## Directions
In the entries below, find the lines that include "title" and give their number as the whole reply.

## Listed records

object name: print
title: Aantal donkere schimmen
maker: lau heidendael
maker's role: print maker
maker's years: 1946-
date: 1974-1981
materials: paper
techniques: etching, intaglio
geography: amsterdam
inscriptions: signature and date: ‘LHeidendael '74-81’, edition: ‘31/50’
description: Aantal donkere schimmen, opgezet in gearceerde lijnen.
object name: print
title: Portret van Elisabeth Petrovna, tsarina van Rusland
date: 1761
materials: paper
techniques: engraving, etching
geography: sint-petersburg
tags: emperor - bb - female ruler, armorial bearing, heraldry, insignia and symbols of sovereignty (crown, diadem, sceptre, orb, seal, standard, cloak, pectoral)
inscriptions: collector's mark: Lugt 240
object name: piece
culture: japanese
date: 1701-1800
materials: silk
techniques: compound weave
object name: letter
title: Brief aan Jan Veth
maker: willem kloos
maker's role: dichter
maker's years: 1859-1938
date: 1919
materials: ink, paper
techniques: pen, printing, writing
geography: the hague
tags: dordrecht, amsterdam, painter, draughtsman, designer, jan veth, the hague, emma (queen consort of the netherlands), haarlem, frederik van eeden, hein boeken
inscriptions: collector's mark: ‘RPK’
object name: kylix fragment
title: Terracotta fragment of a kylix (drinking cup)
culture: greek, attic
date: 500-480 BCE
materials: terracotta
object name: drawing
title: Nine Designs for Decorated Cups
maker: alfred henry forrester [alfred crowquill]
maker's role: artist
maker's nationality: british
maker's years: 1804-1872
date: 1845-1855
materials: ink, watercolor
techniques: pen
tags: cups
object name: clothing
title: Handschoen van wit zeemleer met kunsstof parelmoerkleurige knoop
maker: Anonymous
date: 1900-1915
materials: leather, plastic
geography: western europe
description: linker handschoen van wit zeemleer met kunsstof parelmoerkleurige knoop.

## Solution to the exercise
6